Preheat oven to 400ºF. Chop up whatever veggies you are using. Sauté veggies with oil, starting with the onions (everything but the garlic), until mostly soft, then add the garlic. Add the ground meat, salt, and pepper, and cook until meat is browned, stirring. Toss with a little flour, then add your lamb reduction, or other stock (it helps if this is already heated). Add tomato paste/sauce if you have it, other sauces as you see fit (Worchestershire sauce?), and herbs. If it starts getting dry, add more stock. Mix in frozen peas if you like.

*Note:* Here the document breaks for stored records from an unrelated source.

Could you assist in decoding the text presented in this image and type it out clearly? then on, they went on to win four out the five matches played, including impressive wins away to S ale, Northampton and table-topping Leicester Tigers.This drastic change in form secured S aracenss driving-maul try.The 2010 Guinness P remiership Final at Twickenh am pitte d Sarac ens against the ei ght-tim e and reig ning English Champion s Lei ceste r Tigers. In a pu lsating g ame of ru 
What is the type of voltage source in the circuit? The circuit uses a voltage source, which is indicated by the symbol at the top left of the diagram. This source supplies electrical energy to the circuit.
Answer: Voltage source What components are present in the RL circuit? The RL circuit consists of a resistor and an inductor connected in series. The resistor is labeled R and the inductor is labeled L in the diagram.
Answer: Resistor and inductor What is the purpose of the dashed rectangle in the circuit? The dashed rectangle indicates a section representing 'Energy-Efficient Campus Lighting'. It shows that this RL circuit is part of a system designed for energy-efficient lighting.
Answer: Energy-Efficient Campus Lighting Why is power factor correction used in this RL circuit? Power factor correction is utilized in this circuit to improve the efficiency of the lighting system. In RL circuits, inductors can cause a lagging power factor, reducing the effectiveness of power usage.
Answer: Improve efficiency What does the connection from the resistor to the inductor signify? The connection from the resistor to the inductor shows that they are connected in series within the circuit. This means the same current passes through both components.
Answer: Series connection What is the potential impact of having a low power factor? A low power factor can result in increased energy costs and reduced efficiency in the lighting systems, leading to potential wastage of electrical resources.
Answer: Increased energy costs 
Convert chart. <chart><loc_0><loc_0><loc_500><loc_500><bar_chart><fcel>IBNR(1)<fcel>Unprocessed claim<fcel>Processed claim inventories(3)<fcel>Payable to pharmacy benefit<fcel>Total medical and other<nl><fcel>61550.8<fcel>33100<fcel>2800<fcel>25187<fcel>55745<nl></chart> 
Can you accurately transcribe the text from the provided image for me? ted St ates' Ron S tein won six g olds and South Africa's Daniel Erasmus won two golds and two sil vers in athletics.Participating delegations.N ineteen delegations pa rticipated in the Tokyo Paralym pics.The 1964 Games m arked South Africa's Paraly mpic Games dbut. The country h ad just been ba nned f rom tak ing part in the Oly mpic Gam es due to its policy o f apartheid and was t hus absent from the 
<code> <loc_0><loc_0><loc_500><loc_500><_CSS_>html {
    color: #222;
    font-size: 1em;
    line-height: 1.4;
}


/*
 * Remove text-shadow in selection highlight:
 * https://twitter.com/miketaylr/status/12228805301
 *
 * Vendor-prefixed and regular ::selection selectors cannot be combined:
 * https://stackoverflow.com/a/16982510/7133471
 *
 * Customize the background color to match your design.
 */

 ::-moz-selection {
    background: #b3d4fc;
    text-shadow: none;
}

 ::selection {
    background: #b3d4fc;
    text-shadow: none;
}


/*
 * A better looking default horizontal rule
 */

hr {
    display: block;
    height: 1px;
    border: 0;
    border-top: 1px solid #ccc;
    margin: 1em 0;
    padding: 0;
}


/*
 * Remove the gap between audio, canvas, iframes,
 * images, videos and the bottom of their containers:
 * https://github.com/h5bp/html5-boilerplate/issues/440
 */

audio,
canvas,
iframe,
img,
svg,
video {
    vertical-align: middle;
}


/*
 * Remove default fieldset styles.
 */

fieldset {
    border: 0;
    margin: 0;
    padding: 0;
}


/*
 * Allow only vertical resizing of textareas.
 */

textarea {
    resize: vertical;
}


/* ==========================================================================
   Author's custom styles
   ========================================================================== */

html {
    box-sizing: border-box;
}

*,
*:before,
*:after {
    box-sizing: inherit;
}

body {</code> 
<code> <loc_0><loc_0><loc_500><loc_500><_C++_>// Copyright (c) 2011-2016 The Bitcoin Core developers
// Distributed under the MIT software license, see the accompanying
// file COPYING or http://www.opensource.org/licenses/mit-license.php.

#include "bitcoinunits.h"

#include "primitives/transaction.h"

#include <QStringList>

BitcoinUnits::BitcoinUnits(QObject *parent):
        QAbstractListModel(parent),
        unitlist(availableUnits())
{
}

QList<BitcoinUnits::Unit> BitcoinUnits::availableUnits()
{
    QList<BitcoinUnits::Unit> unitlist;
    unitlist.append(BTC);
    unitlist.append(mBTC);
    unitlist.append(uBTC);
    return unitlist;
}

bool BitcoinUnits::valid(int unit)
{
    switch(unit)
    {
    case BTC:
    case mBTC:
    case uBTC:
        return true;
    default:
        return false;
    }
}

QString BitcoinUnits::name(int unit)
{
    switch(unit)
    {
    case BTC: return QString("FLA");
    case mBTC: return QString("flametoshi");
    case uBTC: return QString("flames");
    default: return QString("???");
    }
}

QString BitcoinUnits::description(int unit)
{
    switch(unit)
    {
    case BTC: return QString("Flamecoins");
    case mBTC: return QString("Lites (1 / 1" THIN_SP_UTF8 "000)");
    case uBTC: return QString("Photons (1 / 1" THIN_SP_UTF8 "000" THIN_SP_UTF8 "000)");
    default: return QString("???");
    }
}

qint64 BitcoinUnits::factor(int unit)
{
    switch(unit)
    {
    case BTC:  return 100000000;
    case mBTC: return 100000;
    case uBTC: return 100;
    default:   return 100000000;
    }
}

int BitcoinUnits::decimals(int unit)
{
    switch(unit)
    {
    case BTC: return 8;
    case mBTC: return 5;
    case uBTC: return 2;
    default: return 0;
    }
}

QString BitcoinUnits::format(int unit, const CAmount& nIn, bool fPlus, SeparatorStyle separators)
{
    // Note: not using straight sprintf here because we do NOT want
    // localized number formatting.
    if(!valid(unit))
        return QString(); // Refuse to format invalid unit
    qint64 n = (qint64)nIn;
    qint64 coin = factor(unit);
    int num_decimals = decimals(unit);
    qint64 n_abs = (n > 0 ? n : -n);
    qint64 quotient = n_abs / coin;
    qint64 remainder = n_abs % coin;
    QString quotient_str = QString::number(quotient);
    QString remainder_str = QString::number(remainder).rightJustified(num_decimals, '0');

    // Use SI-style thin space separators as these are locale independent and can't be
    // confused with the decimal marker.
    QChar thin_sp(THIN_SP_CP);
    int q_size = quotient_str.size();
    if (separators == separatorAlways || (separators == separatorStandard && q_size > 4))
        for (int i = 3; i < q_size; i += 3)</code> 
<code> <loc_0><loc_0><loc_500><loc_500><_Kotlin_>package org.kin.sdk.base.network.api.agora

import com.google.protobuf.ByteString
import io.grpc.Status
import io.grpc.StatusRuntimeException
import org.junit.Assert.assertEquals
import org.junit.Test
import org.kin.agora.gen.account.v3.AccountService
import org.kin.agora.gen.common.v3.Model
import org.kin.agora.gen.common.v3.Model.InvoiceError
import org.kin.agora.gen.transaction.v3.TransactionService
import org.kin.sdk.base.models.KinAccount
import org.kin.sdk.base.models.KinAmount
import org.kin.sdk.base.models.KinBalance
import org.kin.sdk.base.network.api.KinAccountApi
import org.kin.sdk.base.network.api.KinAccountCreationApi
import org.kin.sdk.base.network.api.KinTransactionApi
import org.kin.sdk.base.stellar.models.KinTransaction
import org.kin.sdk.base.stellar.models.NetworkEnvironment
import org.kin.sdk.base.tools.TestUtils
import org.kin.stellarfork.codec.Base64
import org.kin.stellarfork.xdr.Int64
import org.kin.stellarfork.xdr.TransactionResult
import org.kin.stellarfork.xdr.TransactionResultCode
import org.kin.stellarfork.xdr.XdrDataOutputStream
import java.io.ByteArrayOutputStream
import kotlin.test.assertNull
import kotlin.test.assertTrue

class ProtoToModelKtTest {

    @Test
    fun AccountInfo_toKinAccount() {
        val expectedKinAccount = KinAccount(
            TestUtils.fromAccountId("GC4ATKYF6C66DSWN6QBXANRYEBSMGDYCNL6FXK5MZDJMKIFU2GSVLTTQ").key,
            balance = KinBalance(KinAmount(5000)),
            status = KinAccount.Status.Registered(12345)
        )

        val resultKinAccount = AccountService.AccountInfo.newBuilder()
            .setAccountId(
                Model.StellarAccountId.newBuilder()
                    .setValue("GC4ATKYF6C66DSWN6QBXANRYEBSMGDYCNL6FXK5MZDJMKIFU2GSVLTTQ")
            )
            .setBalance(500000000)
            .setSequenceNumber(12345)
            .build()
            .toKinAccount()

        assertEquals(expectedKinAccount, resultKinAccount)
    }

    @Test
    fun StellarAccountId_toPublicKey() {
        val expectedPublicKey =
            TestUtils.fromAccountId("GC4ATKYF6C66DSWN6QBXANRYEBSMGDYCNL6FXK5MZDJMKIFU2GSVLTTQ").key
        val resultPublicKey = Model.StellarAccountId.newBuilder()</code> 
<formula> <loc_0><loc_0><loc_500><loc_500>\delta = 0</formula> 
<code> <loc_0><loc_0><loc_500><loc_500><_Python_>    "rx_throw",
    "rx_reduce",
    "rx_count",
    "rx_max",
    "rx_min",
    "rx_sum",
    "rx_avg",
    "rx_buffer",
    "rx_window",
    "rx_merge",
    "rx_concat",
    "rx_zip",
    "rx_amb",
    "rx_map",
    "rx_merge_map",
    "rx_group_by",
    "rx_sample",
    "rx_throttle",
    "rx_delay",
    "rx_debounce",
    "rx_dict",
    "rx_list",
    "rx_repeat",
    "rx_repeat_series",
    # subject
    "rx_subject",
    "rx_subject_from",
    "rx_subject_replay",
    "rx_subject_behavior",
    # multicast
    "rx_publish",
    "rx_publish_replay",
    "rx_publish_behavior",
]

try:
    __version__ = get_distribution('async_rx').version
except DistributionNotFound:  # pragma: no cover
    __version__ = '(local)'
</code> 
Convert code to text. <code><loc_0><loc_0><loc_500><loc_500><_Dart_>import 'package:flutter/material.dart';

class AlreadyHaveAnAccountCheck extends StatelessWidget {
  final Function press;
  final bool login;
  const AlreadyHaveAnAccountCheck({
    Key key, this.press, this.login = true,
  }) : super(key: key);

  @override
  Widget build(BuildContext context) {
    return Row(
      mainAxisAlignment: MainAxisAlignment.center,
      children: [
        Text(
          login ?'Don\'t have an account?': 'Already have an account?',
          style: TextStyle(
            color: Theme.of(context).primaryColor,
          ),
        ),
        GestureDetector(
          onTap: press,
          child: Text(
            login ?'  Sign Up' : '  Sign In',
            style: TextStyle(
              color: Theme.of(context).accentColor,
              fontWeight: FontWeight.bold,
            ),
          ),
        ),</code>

By now the potatoes should be done; drain and mash (with skins!) with butter, milk, and and egg yolk if you are feeling particularly luxurious (hopefully with a potato masher. I’m not sure what I’ll use next time as a substitute). Season to taste.
Put the meat, which should have a thick sauce, in a baking dish (I recommend 2 8×8 pans, so you can freeze one, but you could do one large one, or pie dishes if you don’t have other vessels). Spread mashed potatoes on top, and put it in the oven until the juices are bubbly and potatoes are golden on top, 25 minutes or so. Let cool slightly before serving.
Leftovers heat up well in the microwave, although better (of course) in the oven. And like I said, it freezes well.